Toutefois, ces facteurs devraient normalement privilégier les stratégies EH et dans une moindre mesure les gérants Global Macro, dont la rotation d’une classe d’actifs à une autre est intense. Du reste, les données propriétaires de la Plateforme de Comptes Gérés (Managed Account Platform) de Lyxor Asset Management (Lyxor) montrent que les stratégies Global Macro «souffrent» en ce début d’année, leurs positionnements acheteurs sur le dollar ayant été contrariés par sa dépréciation de 4% durant le premier mois de l’année 2018.

«Les analystes et les gestionnaires de portefeuille évaluent toujours dans le détail les implications possibles de la réforme fiscale américaine», écrivent les experts de la recherche Hedge Funds de Lyxor. Telles que la déduction de la charge d’intérêt, par exemple, désormais limitée à 30% du bénéfice avant intérêts, impôts et amortissements et qui devrait, selon Lyxor, «favoriser les entreprises affichant les marges EBITDA les plus importantes».

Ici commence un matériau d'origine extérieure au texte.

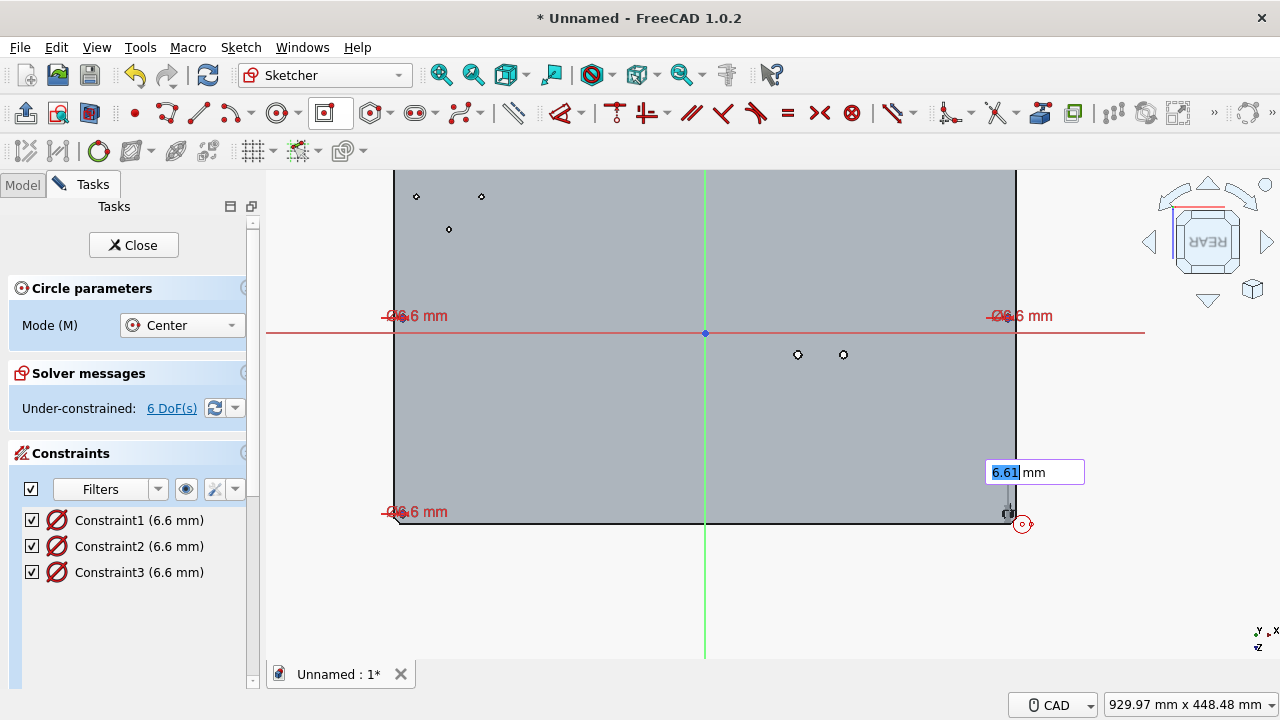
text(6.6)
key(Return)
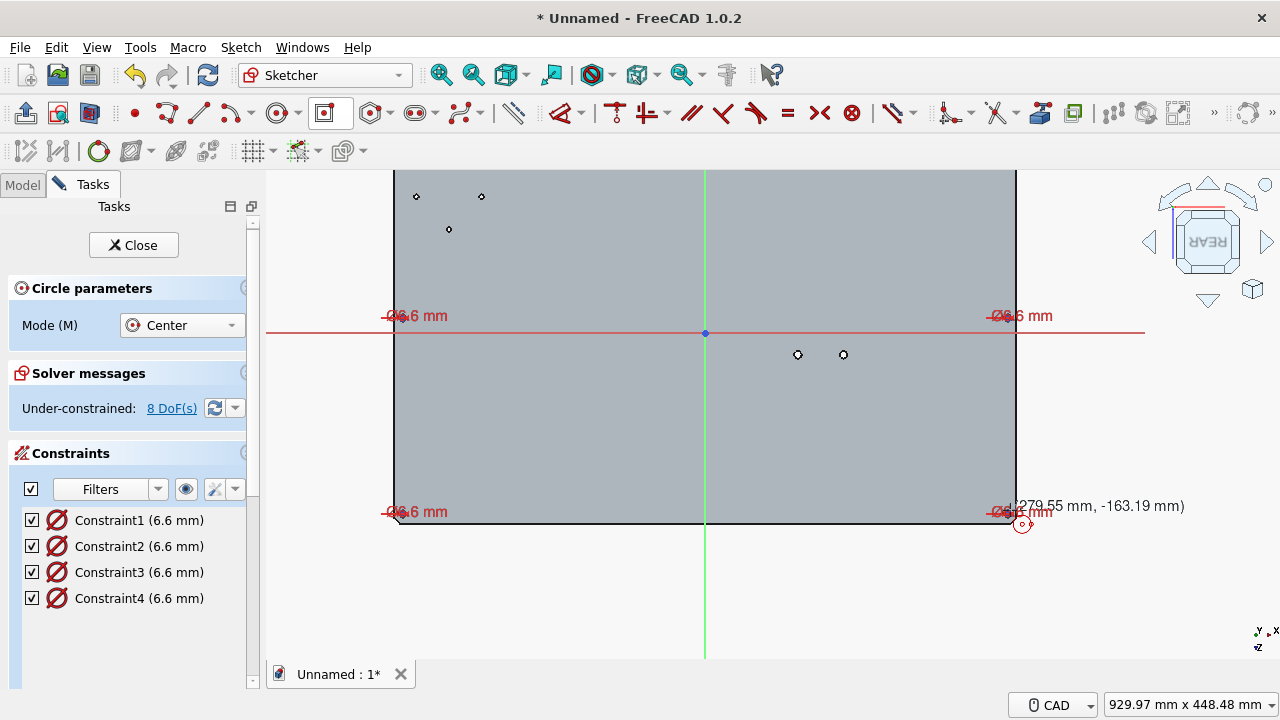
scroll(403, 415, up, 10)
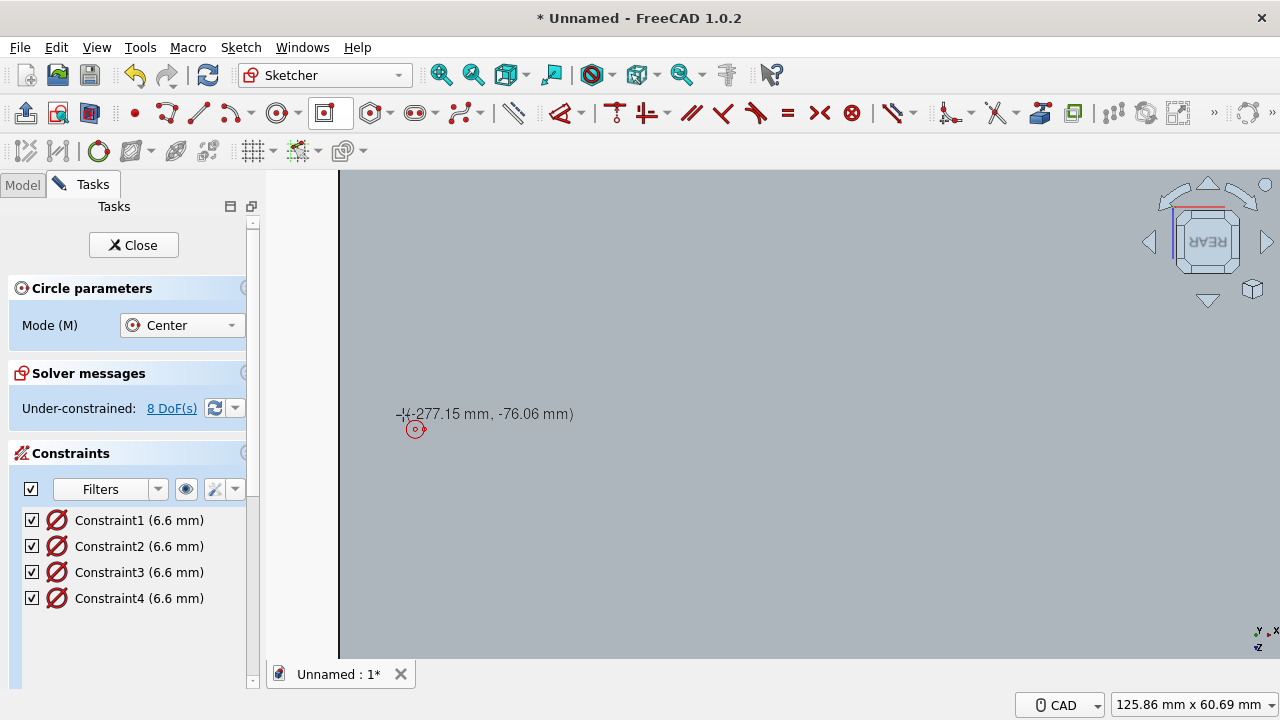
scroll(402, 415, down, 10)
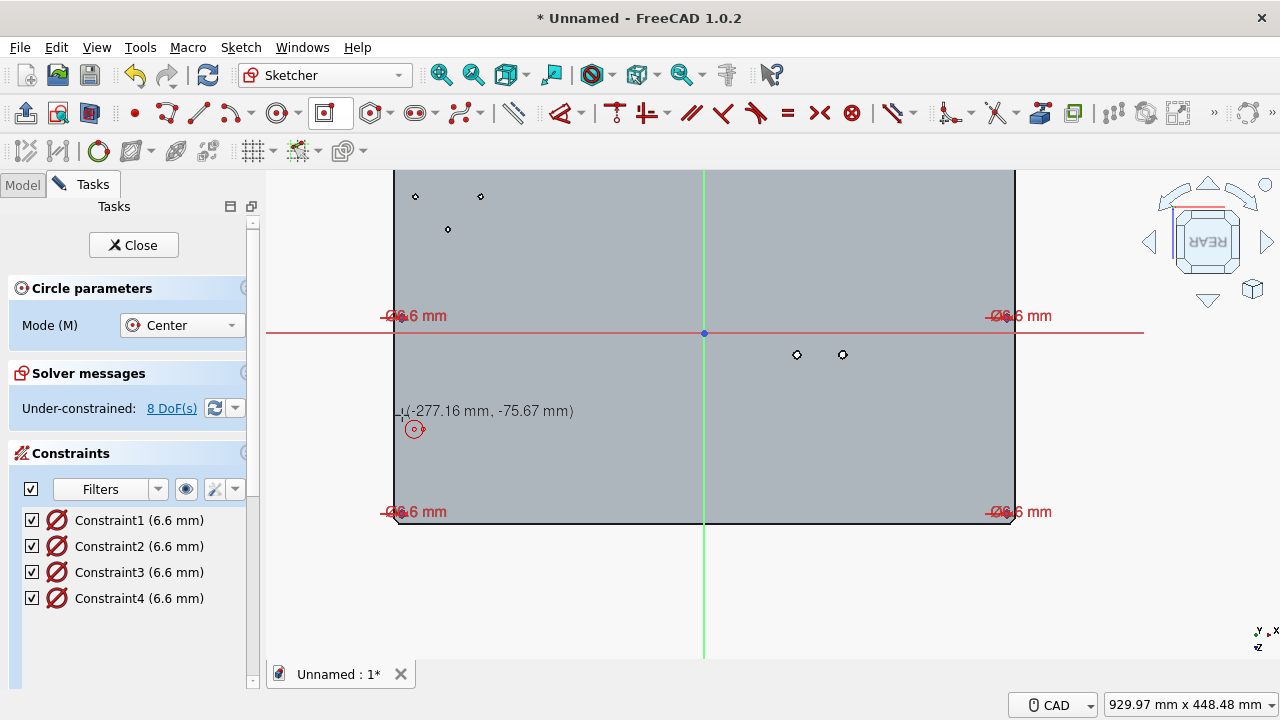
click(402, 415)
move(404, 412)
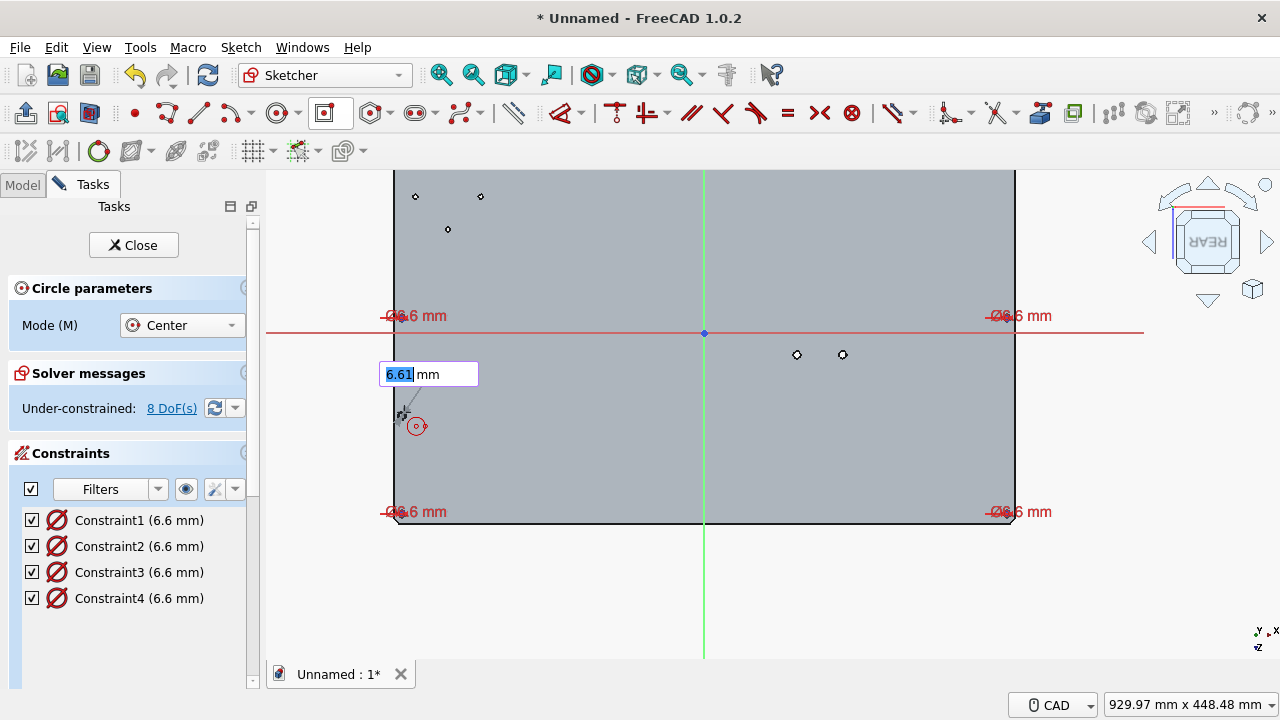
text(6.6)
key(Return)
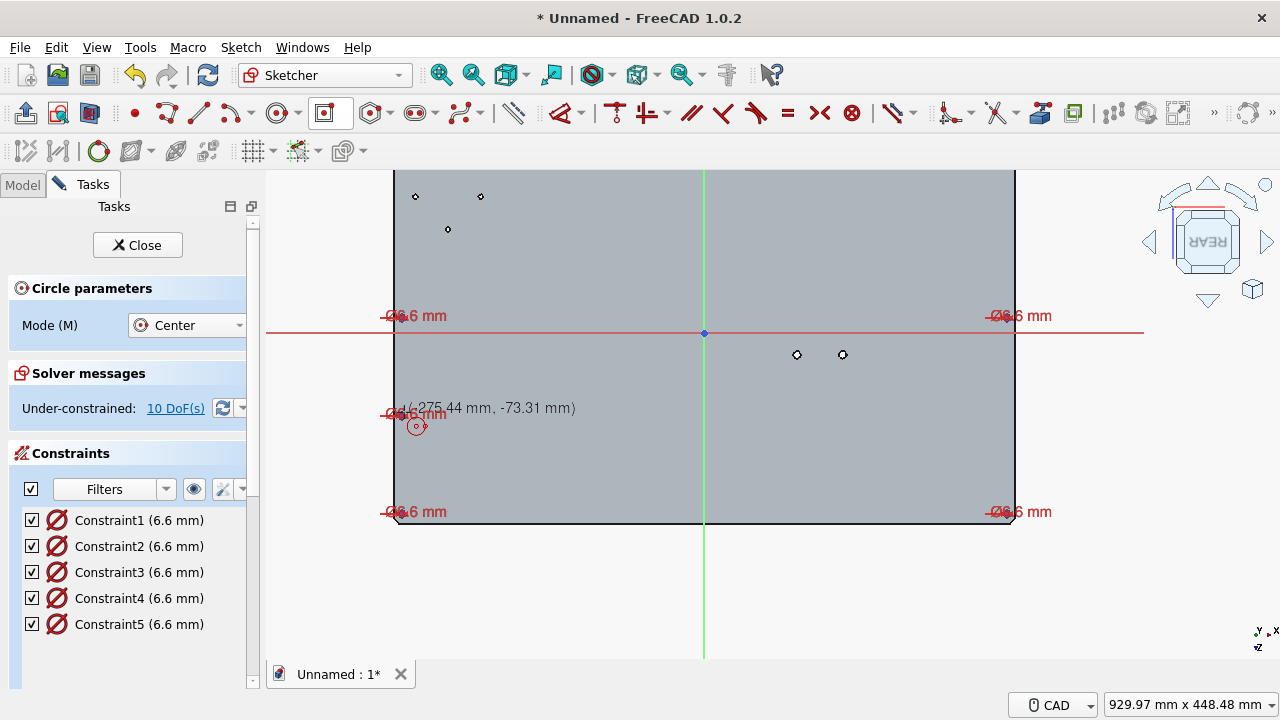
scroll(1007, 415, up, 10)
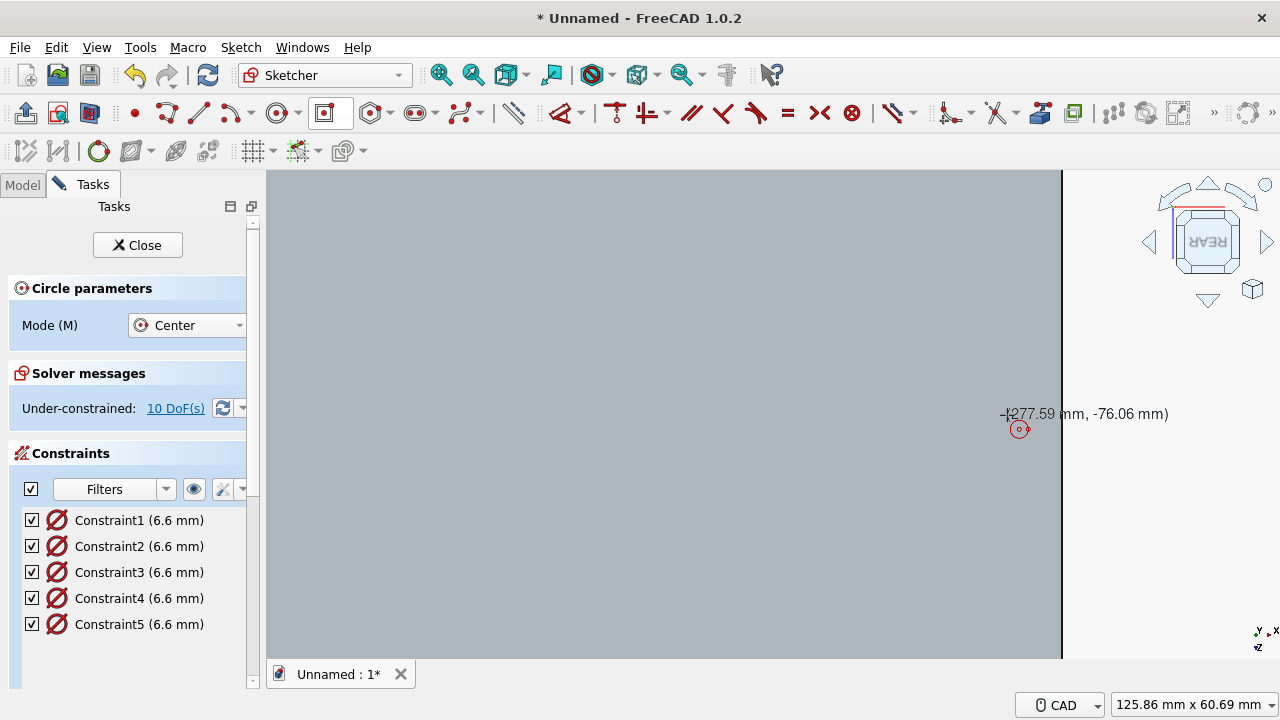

Le coût non récurrent du rapatriement des réserves des multinationales américaines à l’étranger (taxées au forfait de 15,5%) devrait quant à lui favoriser les entreprises jouissant d’un différentiel fiscal avantageux par rapport aux taux d’imposition des autres juridictions. En ajoutant les futures dépenses d’infrastructures et le processus de numérisation transformatrice des processus industriels, le contexte incite les entreprises à investir. Et devrait créer du coup des situations spéciales (M&A, IPO, flux de capitaux, modification de la structure du capital) attrayantes.

Lyxor voit du potentiel dans les fonds L/S Actions

Soit, un environnement, exigeant en termes de capacité d’analyse des titres au cas par cas, qui conduit Lyxor à privilégier les «gérants fondamentaux» (bottom-up managers). «Une discrimination accrue des titres devrait soutenir la génération d’alpha pour les fonds Long/Short Actions», estiment les experts de la division de gestion d’actifs de Société Générale.

Les fonds L/S Equity de la plateforme de Lyxor, en hausse de 1,8% depuis le début de l’année (au 22 janvier 2018), continuent de susciter l’intérêt des investisseurs (+979 millions d’euros au mois de novembre), aidés par une faible corrélation, une dispersion élevée concomitante à une progression positive des marchés actions.

Enfin, à noter, dans le camp des stratégies Global Macro, que le segment CTA, en hausse de 3,5% depuis début janvier, doit ses performances à ses paris sur les matières premières (positions acheteuses sur l’aluminium et vendeuses sur le blé et le maïs), ainsi qu’à son allocation longue sur les actions, en particulier les actions américaines et asiatiques.